## Required action:
With the pictures set aside, reproduce each entry precisely as it reads.

BEGIN

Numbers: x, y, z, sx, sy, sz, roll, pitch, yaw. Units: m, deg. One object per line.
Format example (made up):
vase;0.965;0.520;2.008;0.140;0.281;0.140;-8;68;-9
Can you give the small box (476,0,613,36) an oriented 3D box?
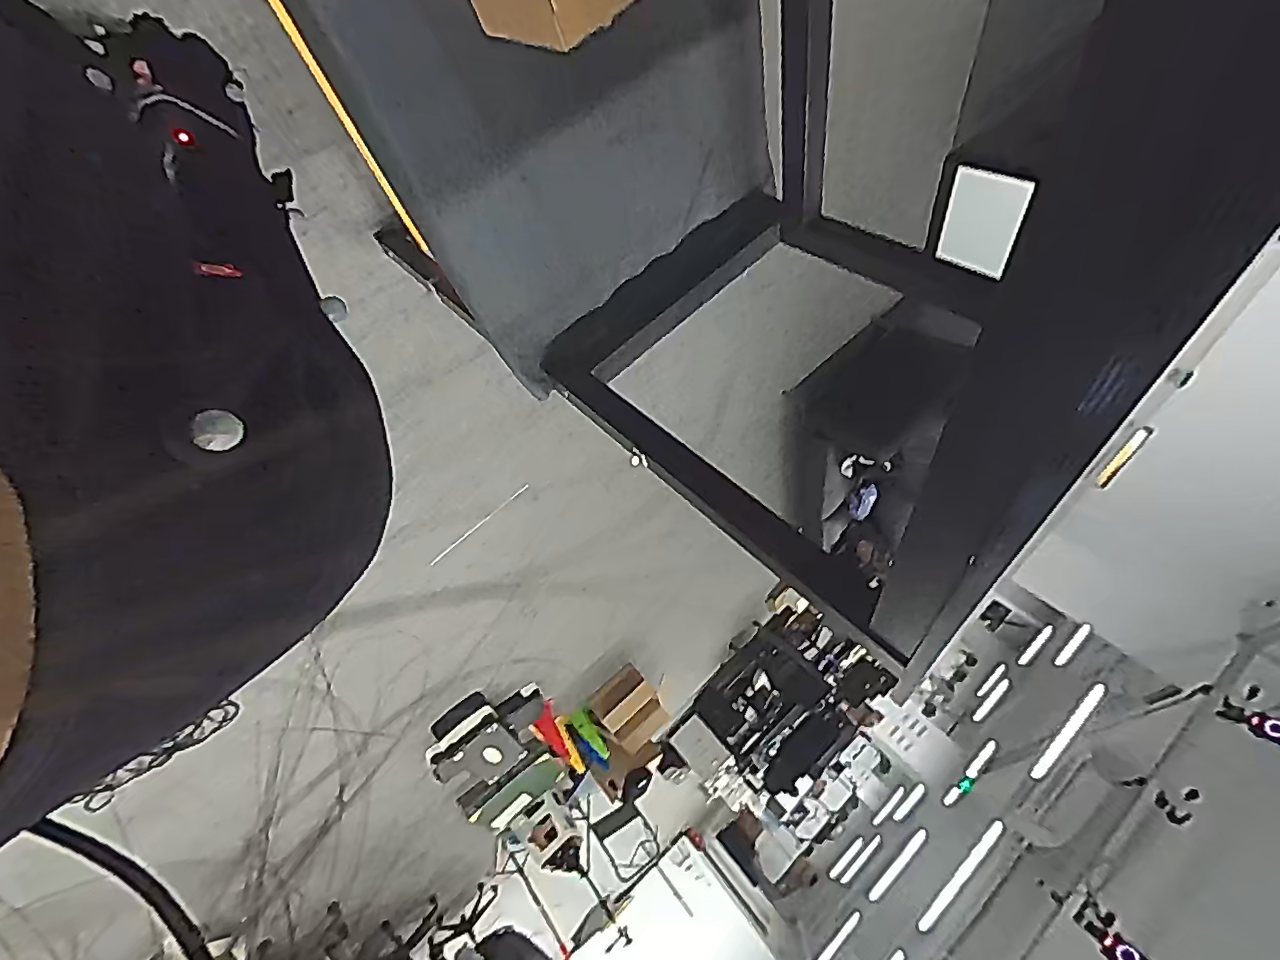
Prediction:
small box;-0.091;-0.590;0.534;0.179;0.176;0.168;-43;148;-8
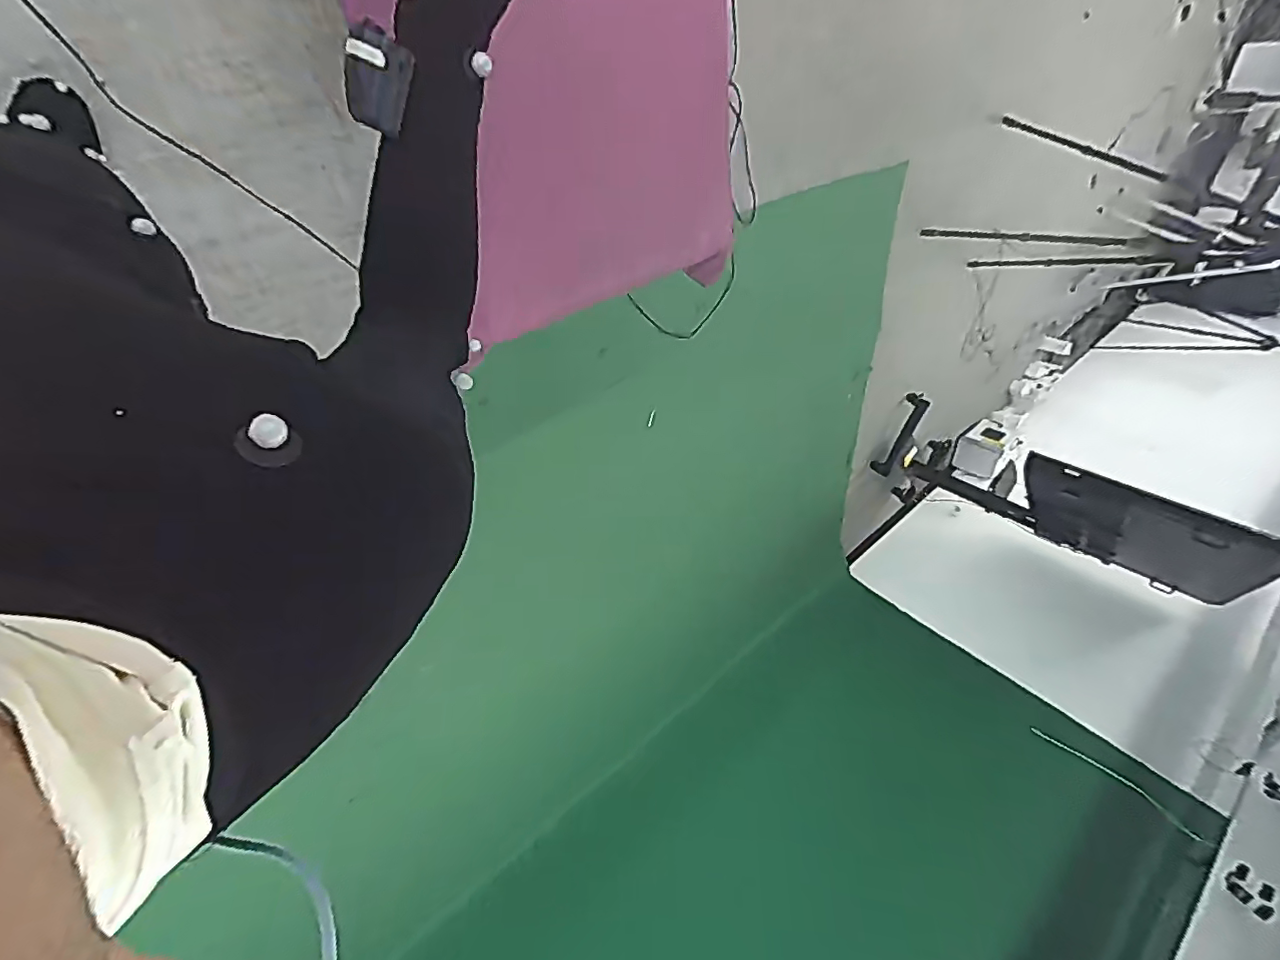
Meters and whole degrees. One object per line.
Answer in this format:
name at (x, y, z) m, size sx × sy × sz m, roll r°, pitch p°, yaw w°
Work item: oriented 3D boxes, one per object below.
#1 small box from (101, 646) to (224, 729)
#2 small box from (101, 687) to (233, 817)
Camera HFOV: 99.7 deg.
small box at (-1.183, 0.543, 1.344) m, size 0.168 × 0.176 × 0.179 m, roll -30°, pitch 133°, yaw -25°
small box at (-1.077, 0.615, 1.240) m, size 0.168 × 0.176 × 0.179 m, roll -30°, pitch 133°, yaw -27°
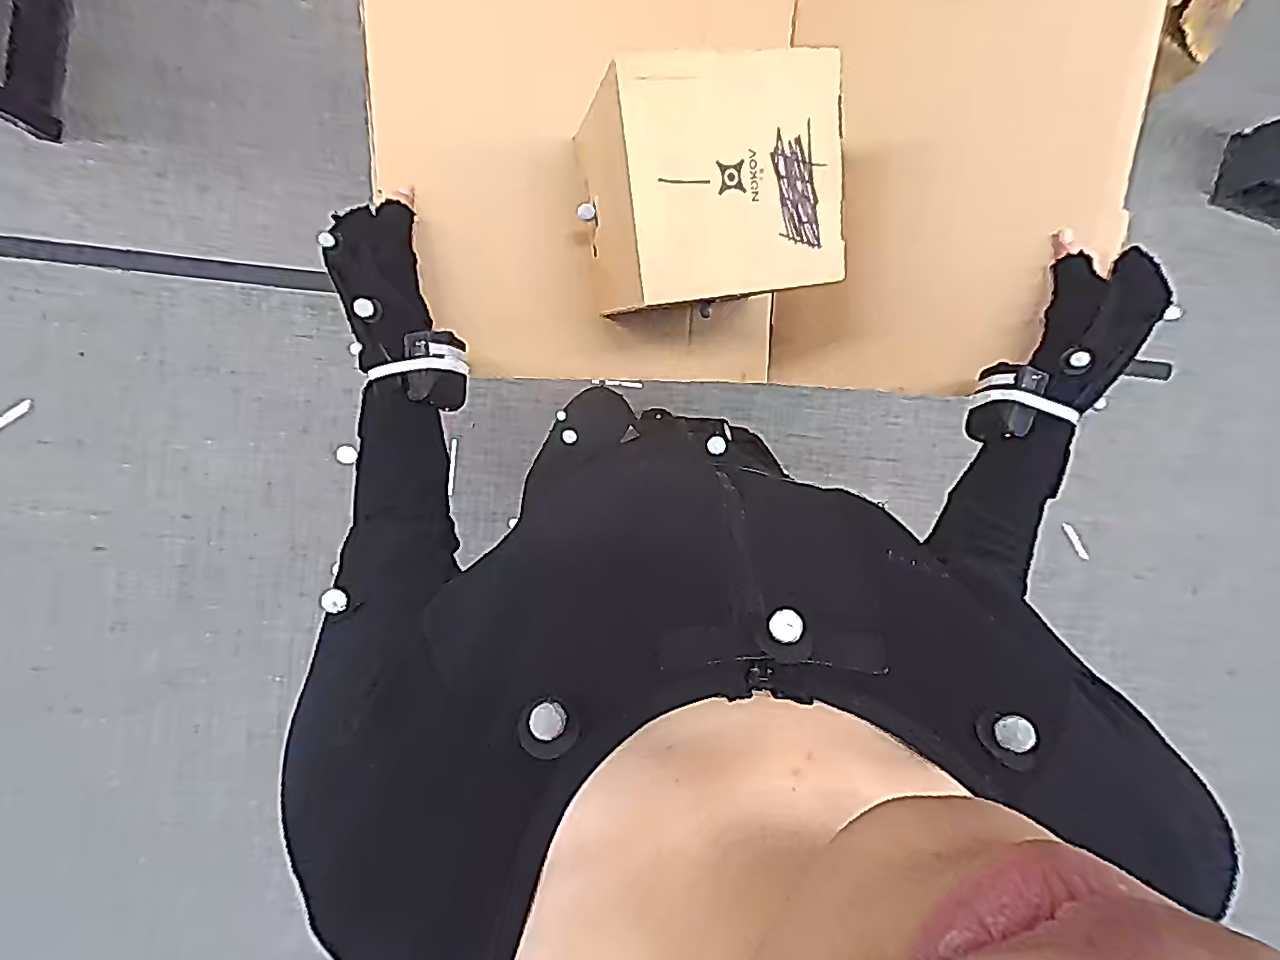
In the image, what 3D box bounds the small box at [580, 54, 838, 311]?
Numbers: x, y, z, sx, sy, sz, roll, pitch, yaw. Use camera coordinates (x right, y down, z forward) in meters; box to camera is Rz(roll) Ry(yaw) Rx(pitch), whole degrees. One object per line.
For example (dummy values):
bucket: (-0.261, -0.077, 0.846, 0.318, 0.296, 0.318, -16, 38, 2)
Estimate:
small box: (0.054, -0.249, 0.488, 0.179, 0.176, 0.168, -11, 106, -13)

END

## Expected answer:
Numbers: x, y, z, sx, sy, sz, roll, pitch, yaw. Units: m, deg. One object per line.
Format example (made up):
vase;0.965;0.520;2.008;0.140;0.281;0.140;-8;68;-9
Can you give the small box (476,0,613,36) an oriented 3D box?
Prediction:
small box;-0.091;-0.590;0.534;0.179;0.176;0.168;-43;148;-8
Meters and whole degrees. One object per line.
Answer in this format:
name at (x, y, z) m, size sx × sy × sz m, roll r°, pitch p°, yaw w°
Work item: oriented 3D boxes, one per object below.
#1 small box from (101, 646) to (224, 729)
#2 small box from (101, 687) to (233, 817)
Camera HFOV: 99.7 deg.
small box at (-1.183, 0.543, 1.344) m, size 0.168 × 0.176 × 0.179 m, roll -30°, pitch 133°, yaw -25°
small box at (-1.077, 0.615, 1.240) m, size 0.168 × 0.176 × 0.179 m, roll -30°, pitch 133°, yaw -27°
In the image, what 3D box bounds the small box at [580, 54, 838, 311]?
Numbers: x, y, z, sx, sy, sz, roll, pitch, yaw. Use camera coordinates (x right, y down, z forward) in meters; box to camera is Rz(roll) Ry(yaw) Rx(pitch), whole degrees. One object per line.
For example (dummy values):
bucket: (-0.261, -0.077, 0.846, 0.318, 0.296, 0.318, -16, 38, 2)
Estimate:
small box: (0.054, -0.249, 0.488, 0.179, 0.176, 0.168, -11, 106, -13)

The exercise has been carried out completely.